— What is required —
Write out the stretch of lines below that begins at the line with "Horizontal FOV: 67.6°." and ends at the line with "Formatted like this", including both, exactly as given and nothing more.

— The input —
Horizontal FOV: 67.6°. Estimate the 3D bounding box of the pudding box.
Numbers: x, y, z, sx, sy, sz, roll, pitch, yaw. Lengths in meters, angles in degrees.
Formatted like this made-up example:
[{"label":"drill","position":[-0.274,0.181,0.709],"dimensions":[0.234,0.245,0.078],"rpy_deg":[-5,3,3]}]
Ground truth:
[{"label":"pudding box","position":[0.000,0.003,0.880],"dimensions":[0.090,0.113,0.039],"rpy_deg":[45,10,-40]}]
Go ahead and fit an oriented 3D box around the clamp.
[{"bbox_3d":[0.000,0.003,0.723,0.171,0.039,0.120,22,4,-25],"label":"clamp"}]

...

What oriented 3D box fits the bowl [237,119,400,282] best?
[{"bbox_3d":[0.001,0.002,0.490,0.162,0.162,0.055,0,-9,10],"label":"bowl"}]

— Solution for this task —
Horizontal FOV: 67.6°. Estimate the 3D bounding box of the pudding box.
Numbers: x, y, z, sx, sy, sz, roll, pitch, yaw. Lengths in meters, angles in degrees.
Formatted like this made-up example:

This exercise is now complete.